In a few days we are going to choose a president. Each candidate, to a lesser or greater extent, is engaging in social media. This engagement may have highly various forms. From trying to reach people in a natural way, through paid publicity campaigns, ending with quite different campaigns in which a whole staff of committed people creating fake accounts to promote a particular candidate in a less or more finespun way. In this post I am not going to chase trolls, although we will mention this issue a bit. First of all, I want to present data and make a basic analysis of different accounts engagement. In the collection there were the ones, which proved their activity by creating tweets including at least one of below hashtags (obviously containing any combinations of small and capital letters):
- #biedron2020
- #bosak2020
- #duda2020
- #holownia2020
- #kidawa2020
- #kosiniak2020
- #trzaskowski2020
Selection criteria
The analysis does not involve all tweets connected with the election. It can be enriched by other hashtags, little less official, but I came to a conclusion it will be fair enough to start with hashtags which can be acknowledged as official. There are no candidates on the list who did not get to the forefront of the last survey. Maybe with an exception of Mrs Kidawa, but her activity is worth to be analysed in terms of Rafał Trzaskowski.
Highly significant is the time slot as well. I took into consideration tweets from the beginning of April till June 19 included.
Engagement with hashtags distribution
For openers, very basic numbers showing how many tweets with a relevant hashtag appeared in a given period (01.04-19.06.2020).
Figures are not surprising. The most of entries from the whole collection are the ones including hashtags #duda2020 and #trzaskowski2020. By the way, taking into account that Rafał Trzaskowski has been a candidate not for a long time, you can observe quite a big activity at him. It’s worth mentioning that the fact of attaching a hashtag in a post, does not mean a positive message of course. That is why above numbers should be treated as general interests (negative and positive) in the candidate. Below there is a chart with the same numbers but showing a percentage contribution of tweets with particular hashtags in a whole collection.

A sum of tweets for each of hashtags is not an actual sum of all tweets because some posts include a few of analysed hashtags.
Activity across months
Let’s divide above numbers into months. We are analysing April, May and June. Let’s check which hashtag was the most popular.

A huge activity of #duda2020 and #trzaskowski2020 is visible here. The rest is far behind. Despite the final decision about contesting a seat by president Trzaskowski was made about the middle of May, you can see that #trzaskowski2020 was significantly more active in May than #kidawa2020. If taking into consideration the amount of posts with #kidawa2020 in April, we can see it is comparable to other candidates far depart from #duda2020. She falls much poorer than #trzaskowski2020. As you can see, Andrzej Duda was the most active this month. There may be a lot of reasons but surely the COVID-19 situation influenced the state of things.
Dates of the accounts creation
Popularity is popularity but let’s get to more interesting aspects. Let’s analyse when the accounts responsible for making tweets with particular hashtags were created. There are a lot of accounts all together so we are not going to discuss all of them, but we care about picking up the months in which the biggest amount of accounts were created. To do this, we are going to group the accounts together in according to the months of their creation. Of course we are considering only the accounts which created at least one tweet with a particular hashtag. The below chart presents 20 largest groups. Let’s check who got it.

As you can see, to the first twenty got #duda2020, #trzaskowski2020 and #bosak2020. The interesting fact is that in case of #duda2020 we deal with a very systematic accounts creation in January 2016, 2017 and 2019. In case of January 2020 there is a significant growth.

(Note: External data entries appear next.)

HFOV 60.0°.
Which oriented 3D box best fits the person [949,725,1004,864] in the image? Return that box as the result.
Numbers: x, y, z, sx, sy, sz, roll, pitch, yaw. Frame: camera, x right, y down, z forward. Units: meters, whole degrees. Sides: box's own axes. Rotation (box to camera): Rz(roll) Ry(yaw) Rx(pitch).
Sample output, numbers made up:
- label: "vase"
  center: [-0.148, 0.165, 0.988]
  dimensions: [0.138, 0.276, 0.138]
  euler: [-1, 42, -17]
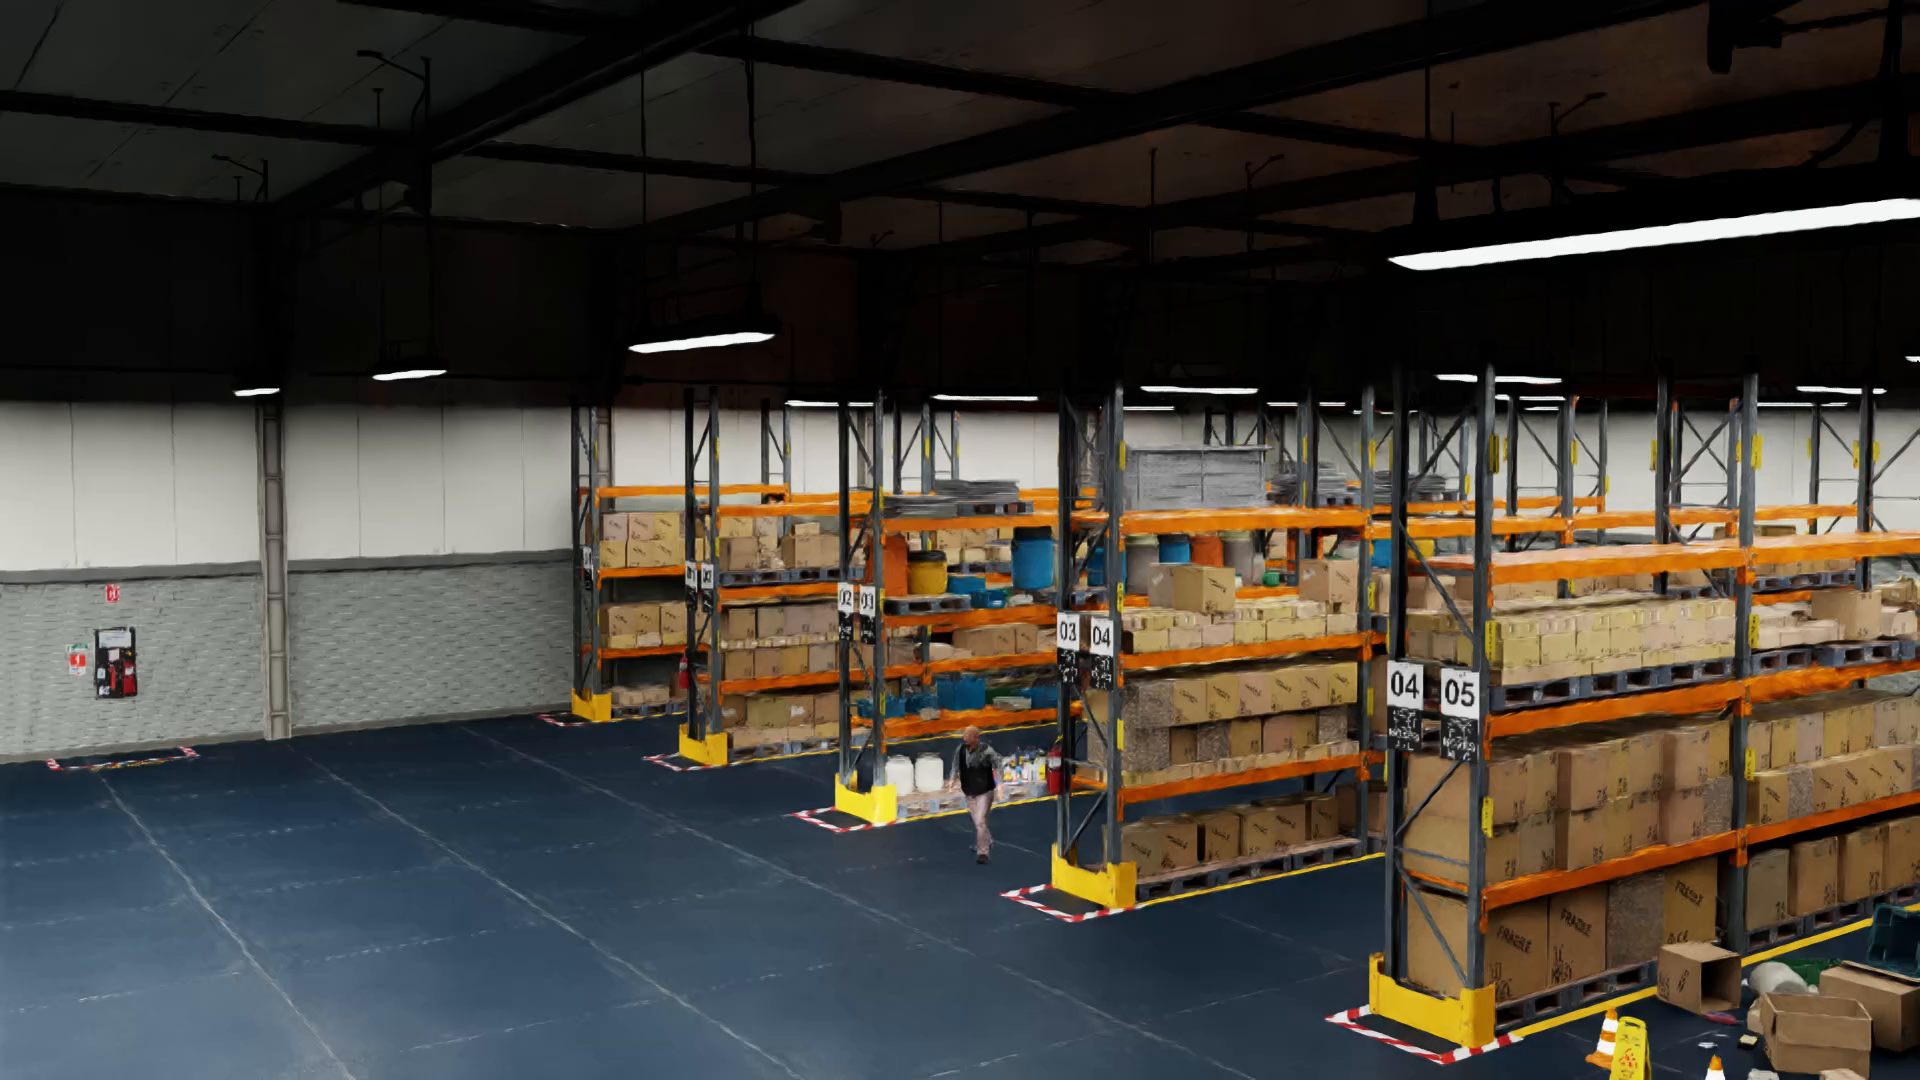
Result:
- label: "person"
  center: [0.236, 3.094, 20.527]
  dimensions: [0.674, 1.664, 0.841]
  euler: [3, 4, 38]

Then in February there is a slight decrease in the number of new accounts and then, an increase again. In March, April and May about 220-230 are created. Quite a similar trend may be observed in case of #trzaskowski2020. Here we have consistency and since January to May there is a constant increase of new accounts. Where can these numbers come from? It is hard to write expressly. On the one hand they may point at people’s mobilization in connection with upcoming election or just pandemic. In recent months life of many people was moved to the Web because of COVID-19. Twitter is a potential source of latest world news. On the other hand, as we will see in a moment, a group of people who created an account in 2020 forms quite a big contribution among those who tweeted using hashtags #duda2020 and #trzaskowski2020. This may testify more organised actions.
The same chart below, only extended by next 10 groups (top 30).

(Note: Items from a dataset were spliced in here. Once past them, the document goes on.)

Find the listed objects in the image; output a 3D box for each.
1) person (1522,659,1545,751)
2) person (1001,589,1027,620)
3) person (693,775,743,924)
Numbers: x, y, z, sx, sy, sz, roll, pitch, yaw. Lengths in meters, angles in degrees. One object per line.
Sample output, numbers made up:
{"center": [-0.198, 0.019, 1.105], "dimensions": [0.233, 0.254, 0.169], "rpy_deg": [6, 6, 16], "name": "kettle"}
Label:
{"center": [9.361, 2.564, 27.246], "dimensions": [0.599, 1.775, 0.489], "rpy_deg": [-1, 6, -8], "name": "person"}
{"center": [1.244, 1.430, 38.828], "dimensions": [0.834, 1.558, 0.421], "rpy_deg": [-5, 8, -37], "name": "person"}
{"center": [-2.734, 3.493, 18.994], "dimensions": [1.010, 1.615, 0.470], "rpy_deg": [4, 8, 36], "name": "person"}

As you can see, there are the same hashtags all the time. New groups represented by new accounts with #bosak2020 and #duda2020 appeared. Let’s check if anyone new enters the game, if we extend our circle by another 10 groups.

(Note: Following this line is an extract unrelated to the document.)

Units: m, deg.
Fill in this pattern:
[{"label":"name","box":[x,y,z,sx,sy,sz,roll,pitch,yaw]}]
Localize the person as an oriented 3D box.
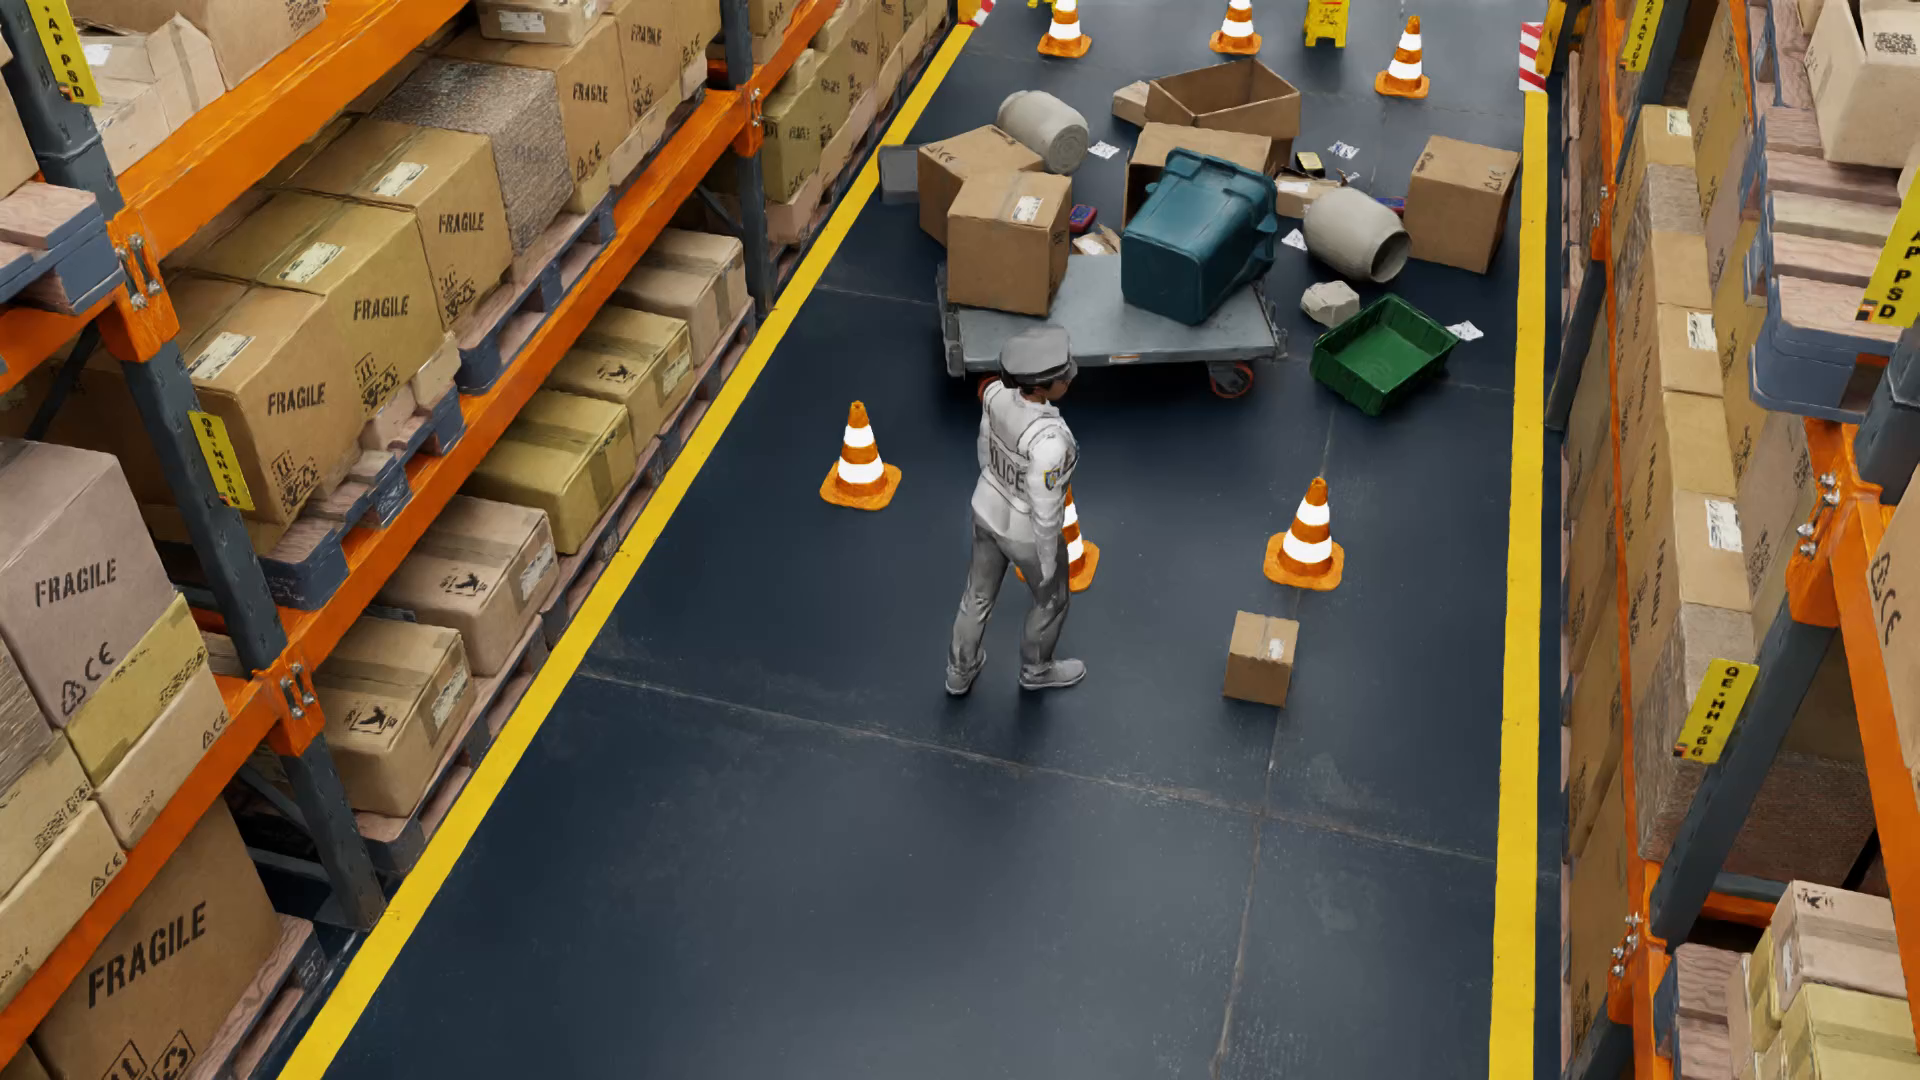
[{"label":"person","box":[0.217,-0.059,6.218,0.550,1.671,0.499,-25,47,-25]}]

We have a new player #holownia2020. Slightly, because only in April 2020 with an amount of 70 accounts, but still 🙂 Except for it you can observe appearance of primarily new groups connected with #trzaskowski2020. These are mainly previous years.
Activity of accounts created in 2020
If we start wondering if some particular strategy is by any chance a reason of systematic creation of accounts, it is worth checking what the activity of new accounts in an election year is. Below chart presents this information.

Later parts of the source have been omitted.